(SOURCE RECORDS Opens)

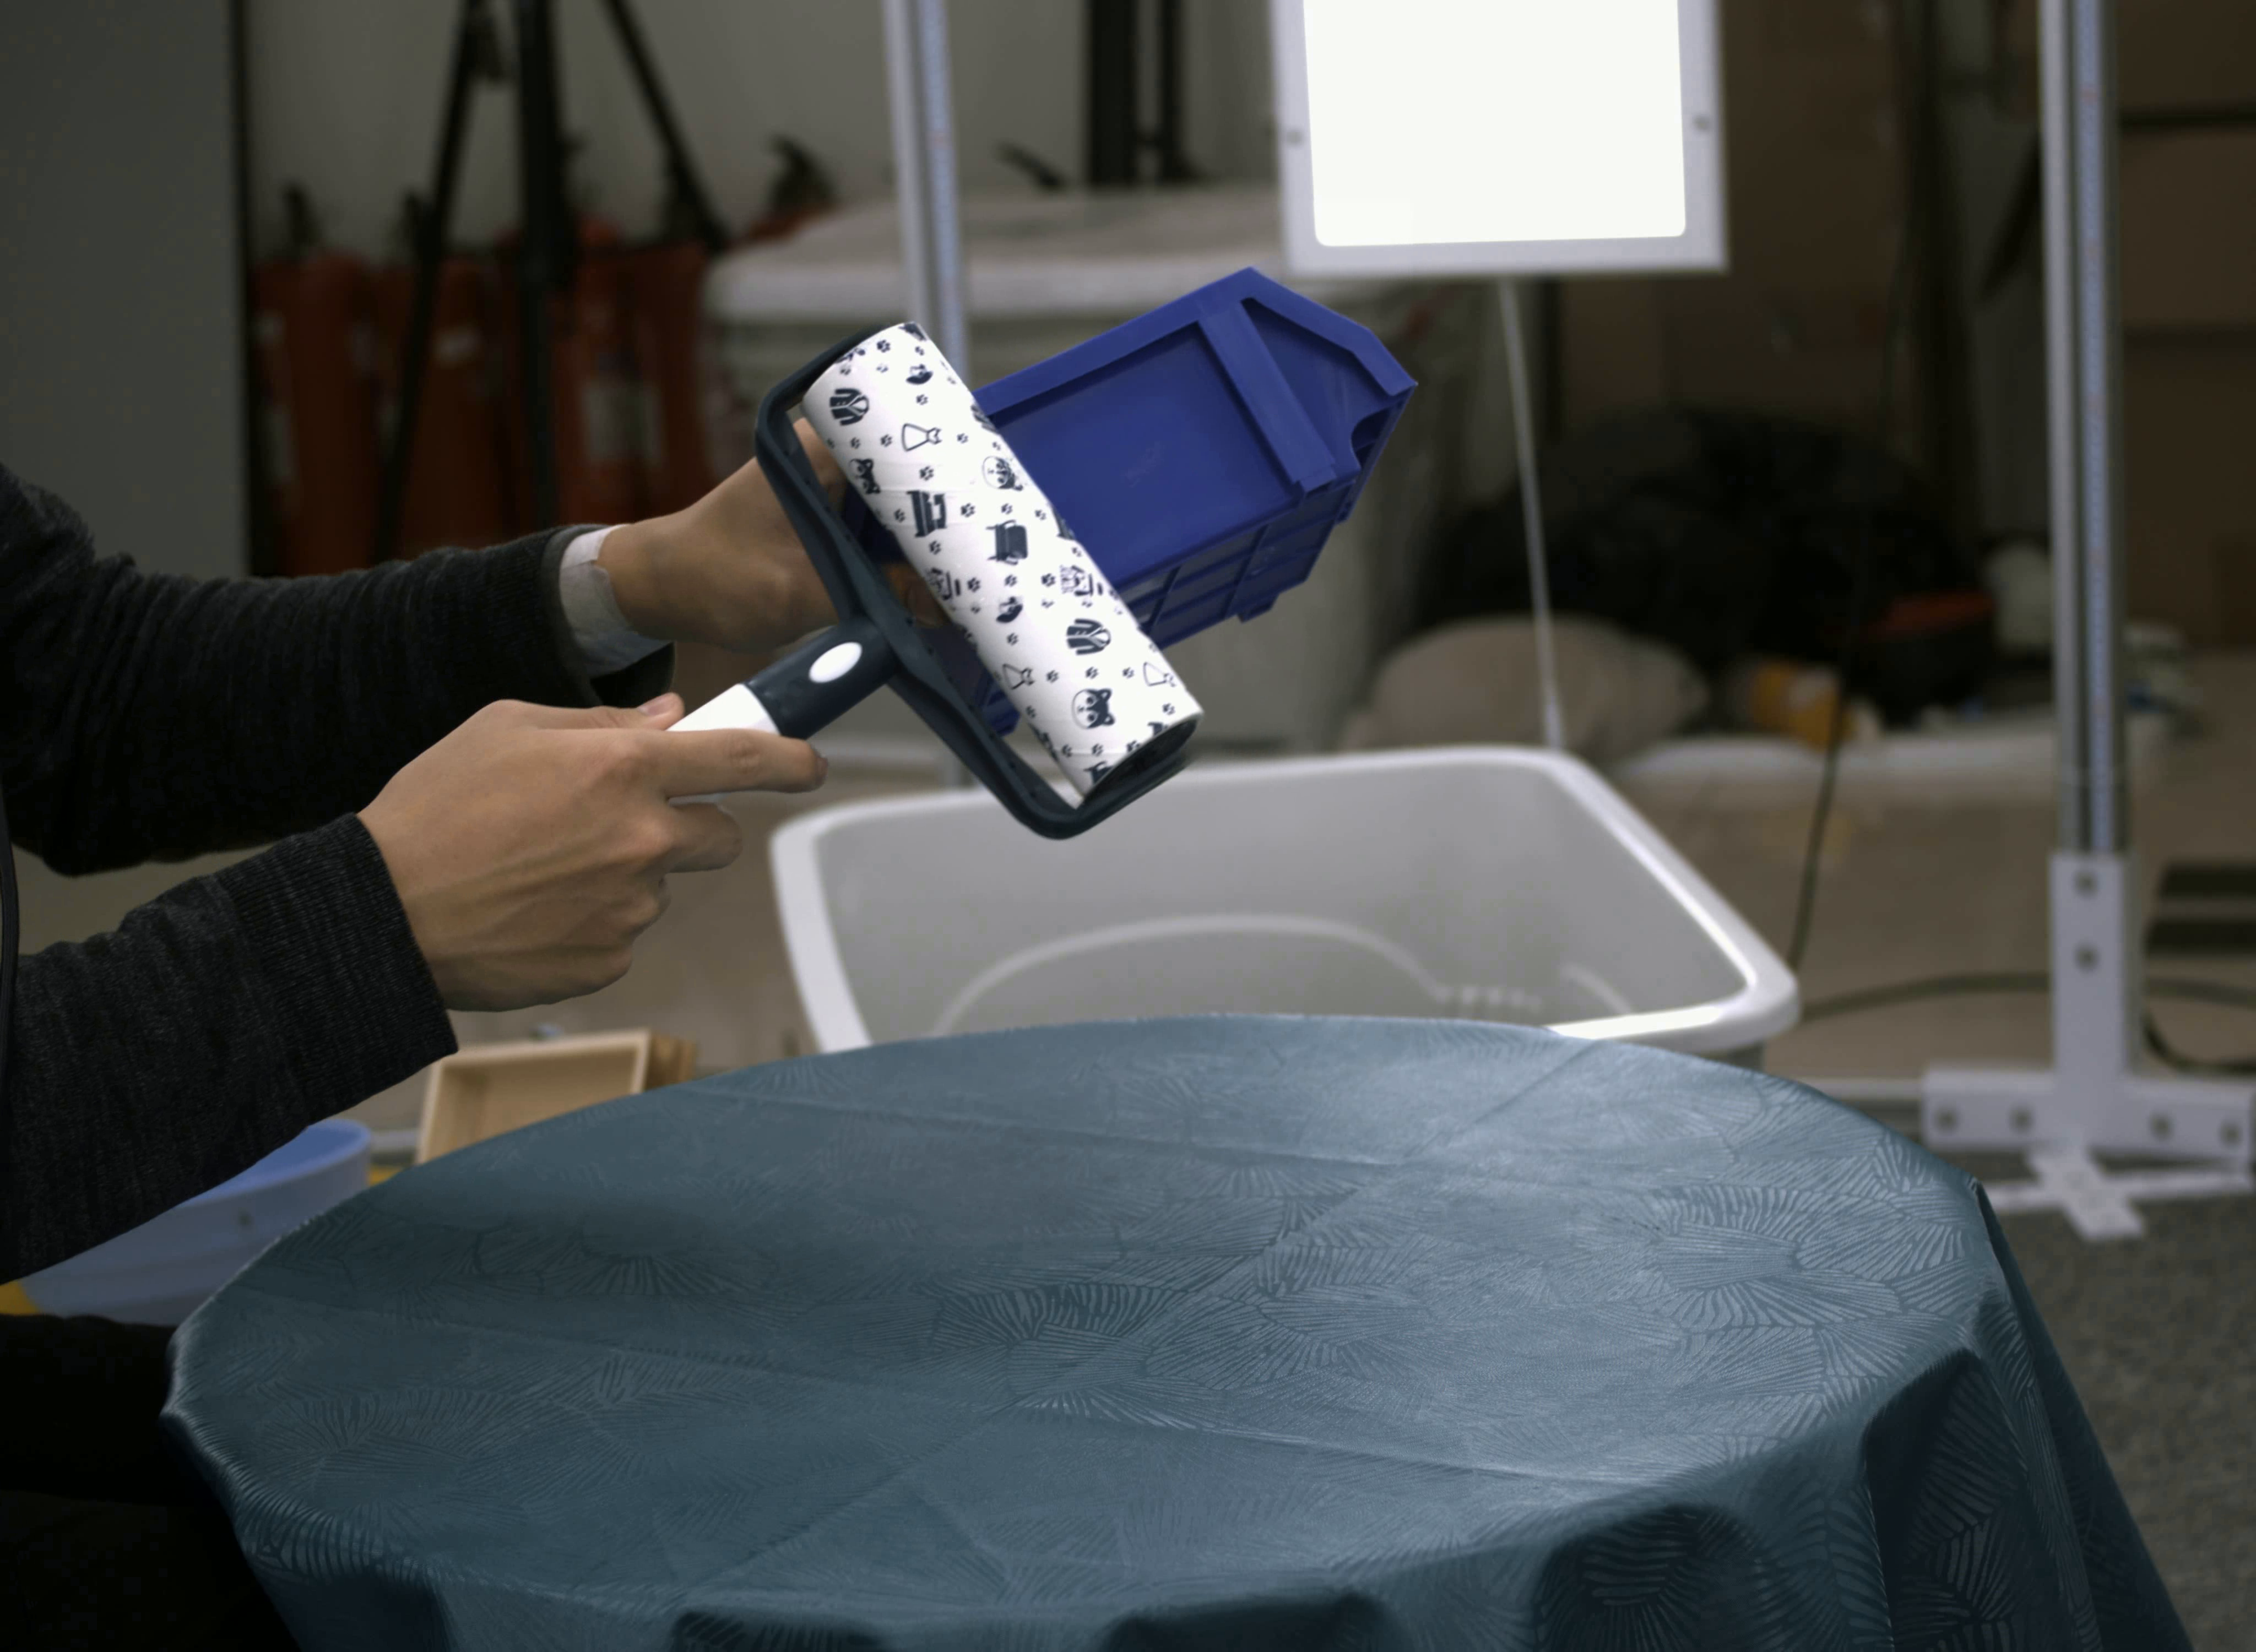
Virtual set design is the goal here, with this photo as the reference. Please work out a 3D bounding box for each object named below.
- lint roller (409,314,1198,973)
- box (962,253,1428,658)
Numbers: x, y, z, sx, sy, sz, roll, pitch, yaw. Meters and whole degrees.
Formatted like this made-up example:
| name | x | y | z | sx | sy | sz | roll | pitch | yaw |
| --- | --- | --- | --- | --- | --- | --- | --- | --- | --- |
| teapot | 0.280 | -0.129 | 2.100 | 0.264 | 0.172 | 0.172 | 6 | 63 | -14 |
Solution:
| name | x | y | z | sx | sy | sz | roll | pitch | yaw |
| --- | --- | --- | --- | --- | --- | --- | --- | --- | --- |
| lint roller | -0.120 | -0.030 | 1.740 | 0.244 | 0.177 | 0.050 | -35 | -10 | -12 |
| box | 0.006 | -0.113 | 1.865 | 0.177 | 0.082 | 0.125 | -28 | -13 | -15 |

(SOURCE RECORDS Closes)

▸ ASSIGNED TASK
Search the entries above for lines containing the word "this", and copy each one.

▸ TASK OUTPUT
Virtual set design is the goal here, with this photo as the reference. Please work out a 3D bounding box for each object named below.
Formatted like this made-up example:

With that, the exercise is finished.